Pourquoi ouvrir le tiroir de l’histoire contenant cet épisode du 22 novembre 1970?…
L’agression militaire du 22 novembre 1970 contre la République de Guinée a été la plus haute expression de désaccord sur la nature et l’orientation de la politique nationale entre, d’une part, le régime du Parti Démocratique de Guinée (PDG) et, d’autre part, les membres du Front National de Libération de la Guinée (FNLG). Les deux groupes avaient des conceptions et positions différentes de ce que devrait être le type de gouvernement et le style de gouvernance à mettre en place en Guinée.
De notre point de vue, les mêmes dynamiques qui ont causé cette tragédie politico-sociale persistent dans la Guinée d’aujourd’hui.

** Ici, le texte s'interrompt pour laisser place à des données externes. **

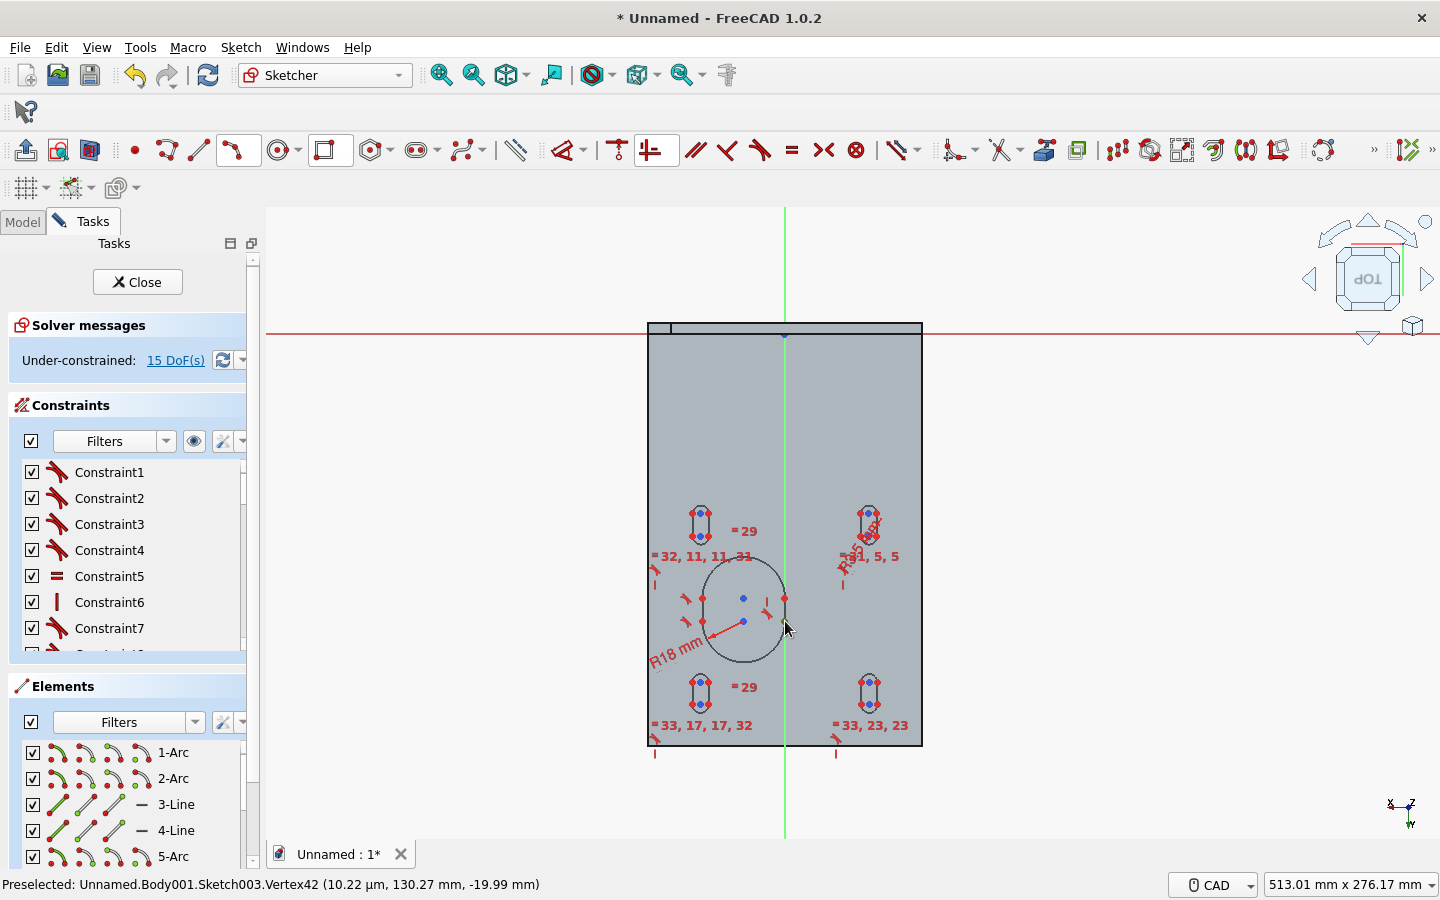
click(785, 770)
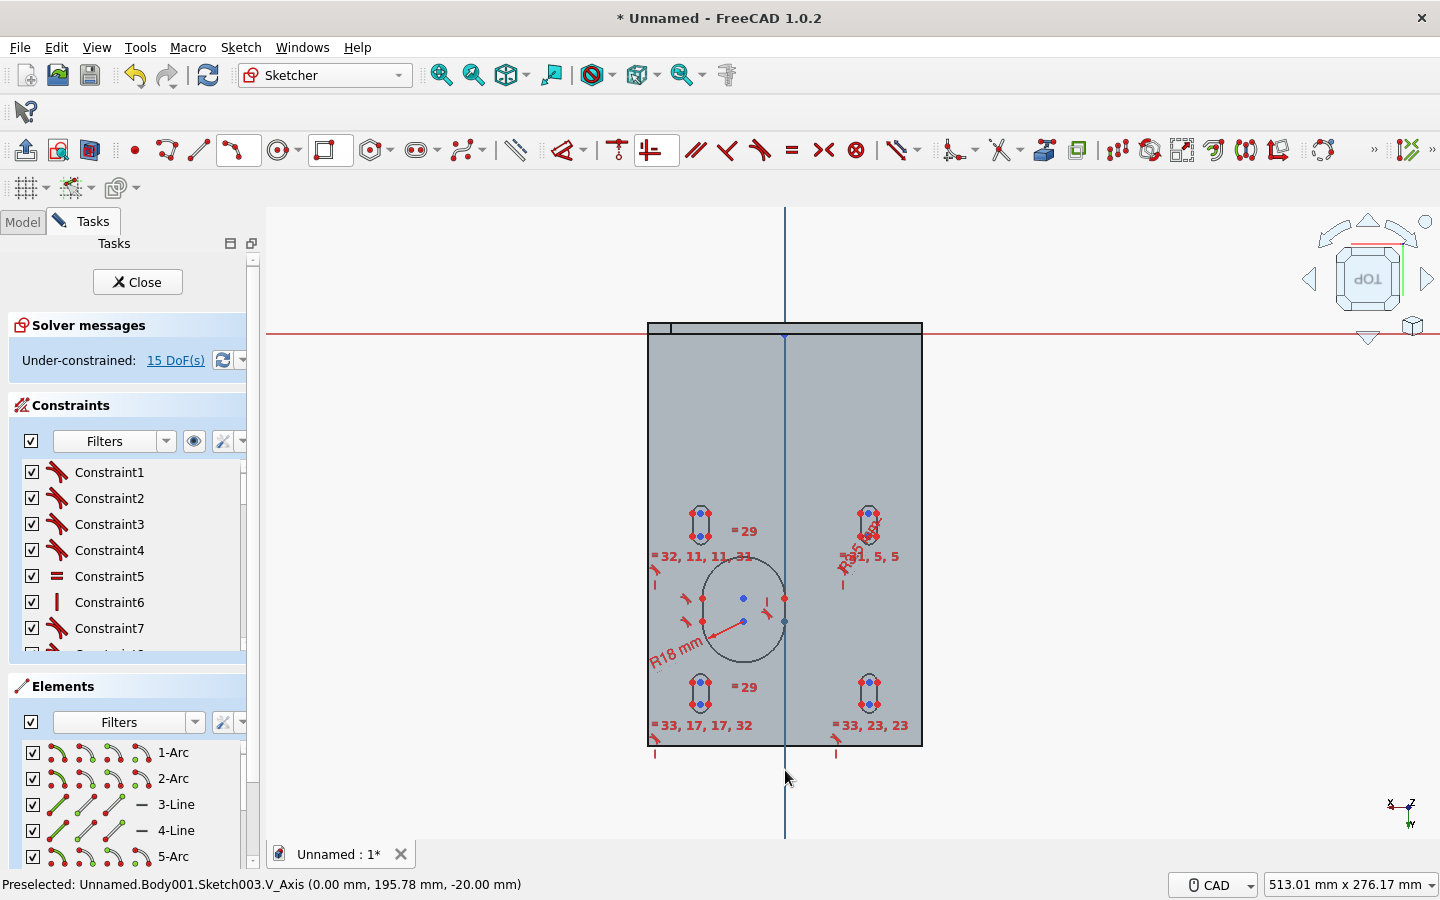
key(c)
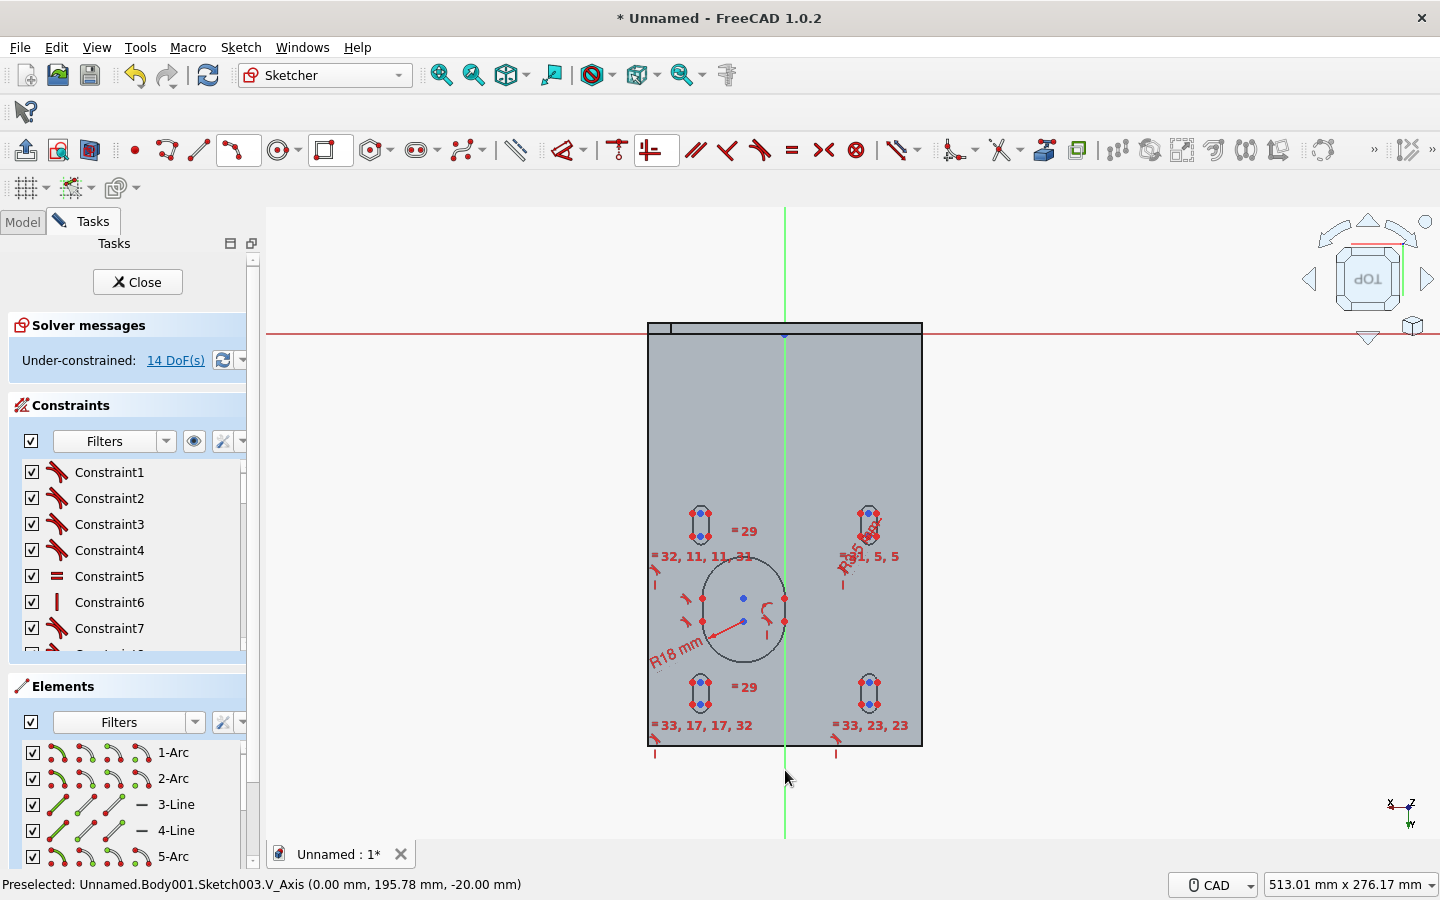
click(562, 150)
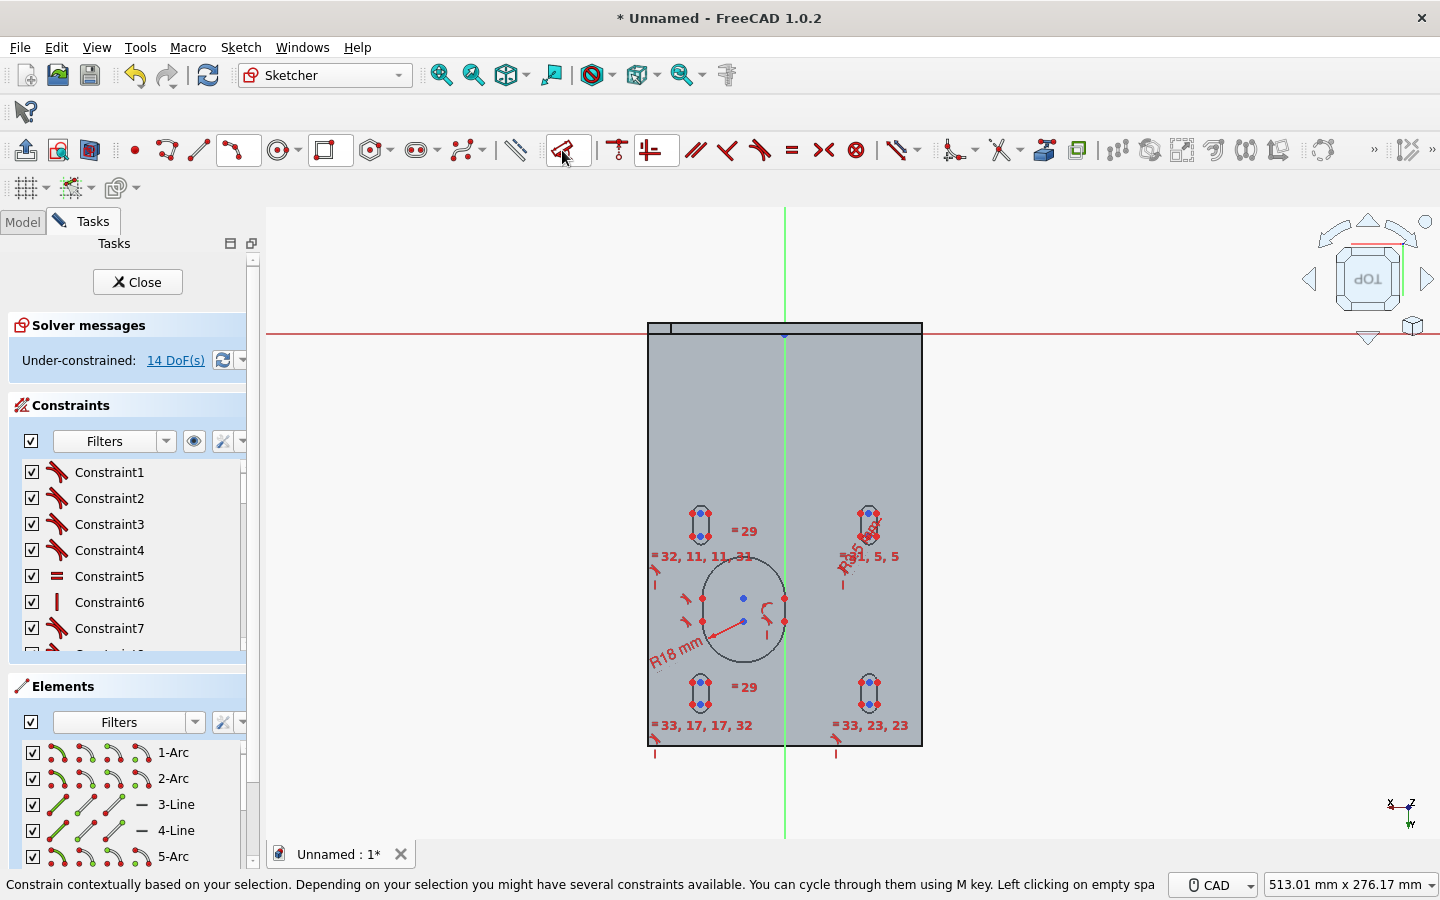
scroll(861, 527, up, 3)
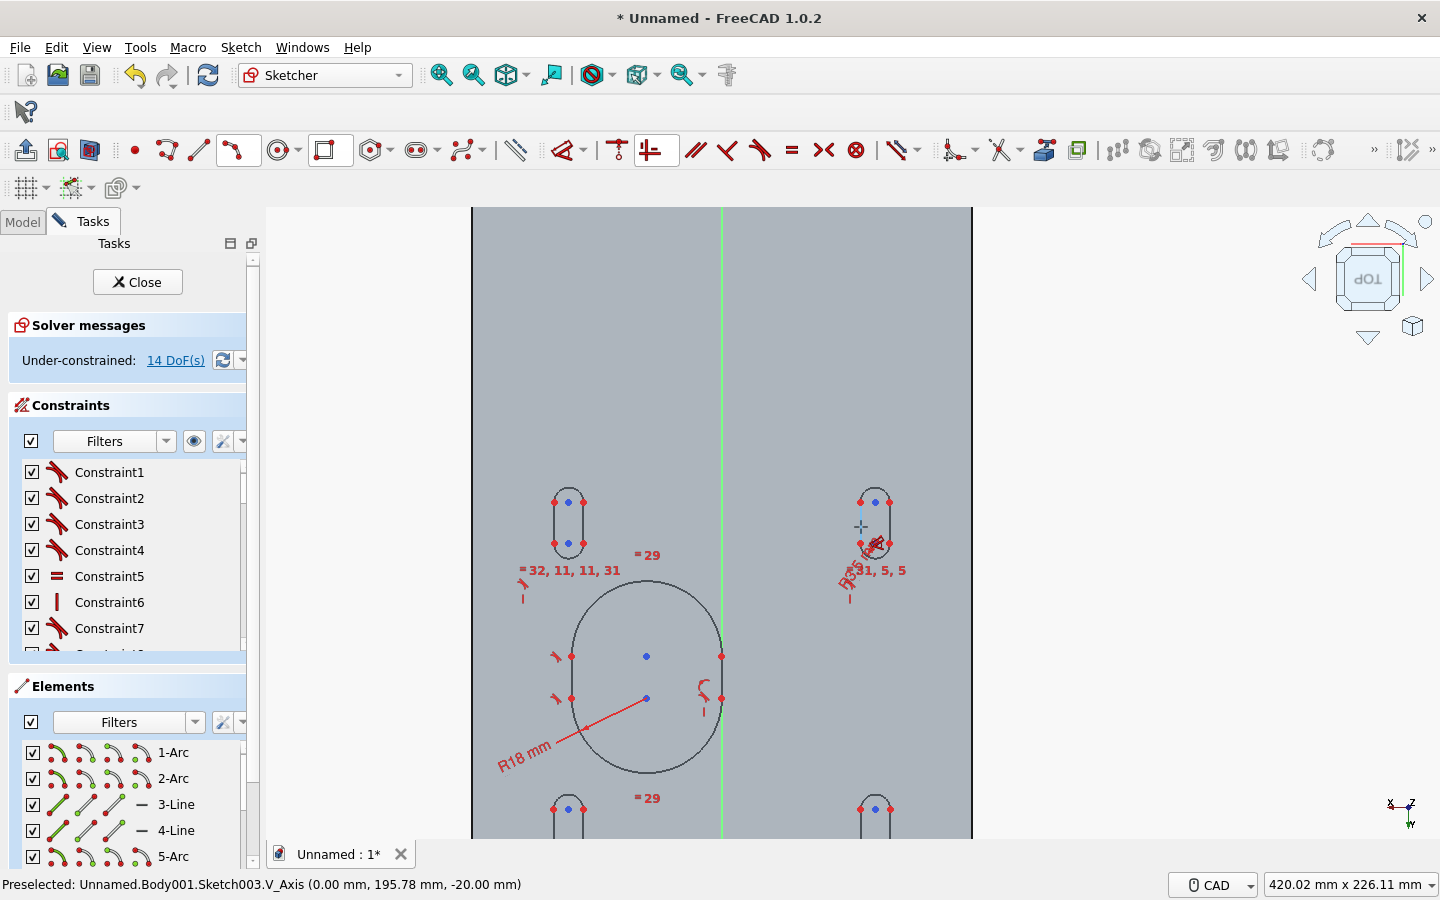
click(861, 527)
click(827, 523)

Ces dynamiques ont pris la forme d’une division des classes politiques en deux camps dont les relations relèvent plus de l’inimitié que de l’adversité. Pour éviter l’escalade de cet antagonisme, il y a lieu d’entreprendre un véritable processus de réconciliation nationale entre les deux franges de la population. En plus, pour trouver une solution durable, il importe d’identifier les racines du mal et les extirper afin de bâtir une nouvelle Guinée politiquement stable et économiquement viable.
Mais pour comprendre les dynamiques qui avaient catalysé l’agression du 22 novembre 1970, qui est le thème de cet article, il faudrait rappeler les contextes politiques et historiques qui prévalaient alors dans le monde, en Afrique, et en Guinée.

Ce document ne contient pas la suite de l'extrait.